PROBLEM TO WORK ON - Some lines in the records below may hold the word "PRIVATE"; give the number of those lines and nothing else.
═════ RECORDS SUPPLIED
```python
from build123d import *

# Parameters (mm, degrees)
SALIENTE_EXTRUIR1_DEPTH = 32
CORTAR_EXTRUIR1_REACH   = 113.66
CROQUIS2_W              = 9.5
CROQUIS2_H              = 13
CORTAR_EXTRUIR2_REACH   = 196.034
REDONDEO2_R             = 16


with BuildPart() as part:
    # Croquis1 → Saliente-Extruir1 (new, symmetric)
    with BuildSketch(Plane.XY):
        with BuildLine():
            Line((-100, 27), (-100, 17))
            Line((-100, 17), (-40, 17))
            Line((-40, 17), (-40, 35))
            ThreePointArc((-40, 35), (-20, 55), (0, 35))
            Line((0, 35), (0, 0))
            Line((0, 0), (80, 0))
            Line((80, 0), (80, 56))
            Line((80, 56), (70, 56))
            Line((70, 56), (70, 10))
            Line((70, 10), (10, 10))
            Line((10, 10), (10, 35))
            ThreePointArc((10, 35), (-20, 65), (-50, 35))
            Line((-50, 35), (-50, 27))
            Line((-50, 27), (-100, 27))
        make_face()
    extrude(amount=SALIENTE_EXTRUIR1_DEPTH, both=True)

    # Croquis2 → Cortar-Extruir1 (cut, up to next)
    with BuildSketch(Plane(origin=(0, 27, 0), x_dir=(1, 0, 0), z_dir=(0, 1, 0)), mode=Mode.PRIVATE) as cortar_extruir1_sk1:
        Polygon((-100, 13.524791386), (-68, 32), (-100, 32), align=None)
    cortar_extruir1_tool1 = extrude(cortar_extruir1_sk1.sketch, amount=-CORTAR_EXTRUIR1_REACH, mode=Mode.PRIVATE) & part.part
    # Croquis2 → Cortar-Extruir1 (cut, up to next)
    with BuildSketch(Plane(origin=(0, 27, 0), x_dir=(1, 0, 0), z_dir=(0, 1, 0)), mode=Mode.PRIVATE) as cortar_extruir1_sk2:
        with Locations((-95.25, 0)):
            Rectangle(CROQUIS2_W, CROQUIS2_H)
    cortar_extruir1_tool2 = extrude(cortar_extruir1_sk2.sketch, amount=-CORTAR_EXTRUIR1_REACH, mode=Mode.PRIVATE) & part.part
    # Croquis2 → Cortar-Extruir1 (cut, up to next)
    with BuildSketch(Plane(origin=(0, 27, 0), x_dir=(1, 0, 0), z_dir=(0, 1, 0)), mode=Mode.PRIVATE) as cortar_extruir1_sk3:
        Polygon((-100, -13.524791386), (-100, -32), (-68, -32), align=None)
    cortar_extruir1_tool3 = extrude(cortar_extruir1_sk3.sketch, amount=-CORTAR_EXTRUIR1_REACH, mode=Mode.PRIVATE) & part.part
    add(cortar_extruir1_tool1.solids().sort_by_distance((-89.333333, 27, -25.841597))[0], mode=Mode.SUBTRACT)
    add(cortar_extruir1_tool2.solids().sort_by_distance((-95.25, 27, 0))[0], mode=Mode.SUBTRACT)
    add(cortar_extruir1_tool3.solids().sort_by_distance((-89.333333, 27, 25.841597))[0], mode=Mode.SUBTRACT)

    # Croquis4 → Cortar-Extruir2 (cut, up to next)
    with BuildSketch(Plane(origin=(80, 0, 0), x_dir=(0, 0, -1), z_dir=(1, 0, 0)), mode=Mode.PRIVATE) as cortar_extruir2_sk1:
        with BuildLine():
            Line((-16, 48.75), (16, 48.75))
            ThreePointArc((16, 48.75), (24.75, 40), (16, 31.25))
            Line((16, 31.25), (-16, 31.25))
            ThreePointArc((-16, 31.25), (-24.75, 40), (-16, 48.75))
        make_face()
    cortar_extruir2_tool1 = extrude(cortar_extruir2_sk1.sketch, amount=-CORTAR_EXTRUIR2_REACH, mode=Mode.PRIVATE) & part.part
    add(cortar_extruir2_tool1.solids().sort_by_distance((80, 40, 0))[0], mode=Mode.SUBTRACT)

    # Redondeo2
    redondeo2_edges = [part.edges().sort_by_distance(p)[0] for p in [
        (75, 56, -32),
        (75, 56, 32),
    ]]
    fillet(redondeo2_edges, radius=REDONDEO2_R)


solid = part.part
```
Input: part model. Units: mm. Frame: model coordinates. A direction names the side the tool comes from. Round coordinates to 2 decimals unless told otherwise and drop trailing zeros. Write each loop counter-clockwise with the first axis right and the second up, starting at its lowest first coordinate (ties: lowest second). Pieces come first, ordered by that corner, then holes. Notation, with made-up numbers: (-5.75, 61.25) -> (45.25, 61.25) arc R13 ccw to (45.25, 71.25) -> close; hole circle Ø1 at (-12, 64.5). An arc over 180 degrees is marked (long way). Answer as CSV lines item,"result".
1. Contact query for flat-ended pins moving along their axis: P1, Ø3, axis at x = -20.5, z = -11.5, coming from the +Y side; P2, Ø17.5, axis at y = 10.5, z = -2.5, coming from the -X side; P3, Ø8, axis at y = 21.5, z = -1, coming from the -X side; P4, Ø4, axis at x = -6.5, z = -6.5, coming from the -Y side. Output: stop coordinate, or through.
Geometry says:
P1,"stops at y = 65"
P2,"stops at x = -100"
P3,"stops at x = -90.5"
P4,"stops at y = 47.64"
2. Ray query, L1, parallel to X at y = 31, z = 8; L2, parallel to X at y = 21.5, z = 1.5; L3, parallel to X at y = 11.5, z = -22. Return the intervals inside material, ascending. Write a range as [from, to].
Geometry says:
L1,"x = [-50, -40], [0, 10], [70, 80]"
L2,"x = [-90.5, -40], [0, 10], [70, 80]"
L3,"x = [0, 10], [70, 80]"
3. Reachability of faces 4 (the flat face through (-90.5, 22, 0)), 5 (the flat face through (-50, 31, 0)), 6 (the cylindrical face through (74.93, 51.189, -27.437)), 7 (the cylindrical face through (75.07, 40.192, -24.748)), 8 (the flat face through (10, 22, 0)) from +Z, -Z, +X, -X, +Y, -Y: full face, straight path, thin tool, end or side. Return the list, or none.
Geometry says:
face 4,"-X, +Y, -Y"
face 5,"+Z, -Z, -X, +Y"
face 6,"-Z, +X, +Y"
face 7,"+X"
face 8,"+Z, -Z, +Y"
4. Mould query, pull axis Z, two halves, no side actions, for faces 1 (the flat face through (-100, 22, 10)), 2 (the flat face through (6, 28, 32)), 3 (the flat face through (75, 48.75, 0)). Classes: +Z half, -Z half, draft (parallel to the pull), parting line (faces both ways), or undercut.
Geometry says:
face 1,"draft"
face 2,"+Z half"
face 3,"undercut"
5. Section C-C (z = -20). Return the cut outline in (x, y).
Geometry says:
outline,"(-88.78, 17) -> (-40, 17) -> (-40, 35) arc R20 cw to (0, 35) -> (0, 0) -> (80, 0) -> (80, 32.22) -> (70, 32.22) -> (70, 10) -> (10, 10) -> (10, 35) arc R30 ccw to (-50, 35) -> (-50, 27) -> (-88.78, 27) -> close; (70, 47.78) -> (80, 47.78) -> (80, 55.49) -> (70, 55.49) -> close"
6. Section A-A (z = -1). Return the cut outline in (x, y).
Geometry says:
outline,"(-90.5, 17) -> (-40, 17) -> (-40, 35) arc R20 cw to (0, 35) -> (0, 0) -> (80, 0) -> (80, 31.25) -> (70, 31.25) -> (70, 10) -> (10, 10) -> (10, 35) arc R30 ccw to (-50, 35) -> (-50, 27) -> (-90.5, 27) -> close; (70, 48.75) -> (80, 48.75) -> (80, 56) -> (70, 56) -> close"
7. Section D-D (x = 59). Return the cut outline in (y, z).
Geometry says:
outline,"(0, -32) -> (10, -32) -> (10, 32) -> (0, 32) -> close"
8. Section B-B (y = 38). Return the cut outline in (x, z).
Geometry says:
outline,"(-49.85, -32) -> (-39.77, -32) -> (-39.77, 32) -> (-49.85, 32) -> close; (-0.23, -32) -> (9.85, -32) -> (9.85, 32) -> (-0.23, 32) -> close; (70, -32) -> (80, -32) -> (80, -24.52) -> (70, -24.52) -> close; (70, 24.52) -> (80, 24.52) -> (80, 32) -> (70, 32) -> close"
══════════
TASK RESPONSE - 8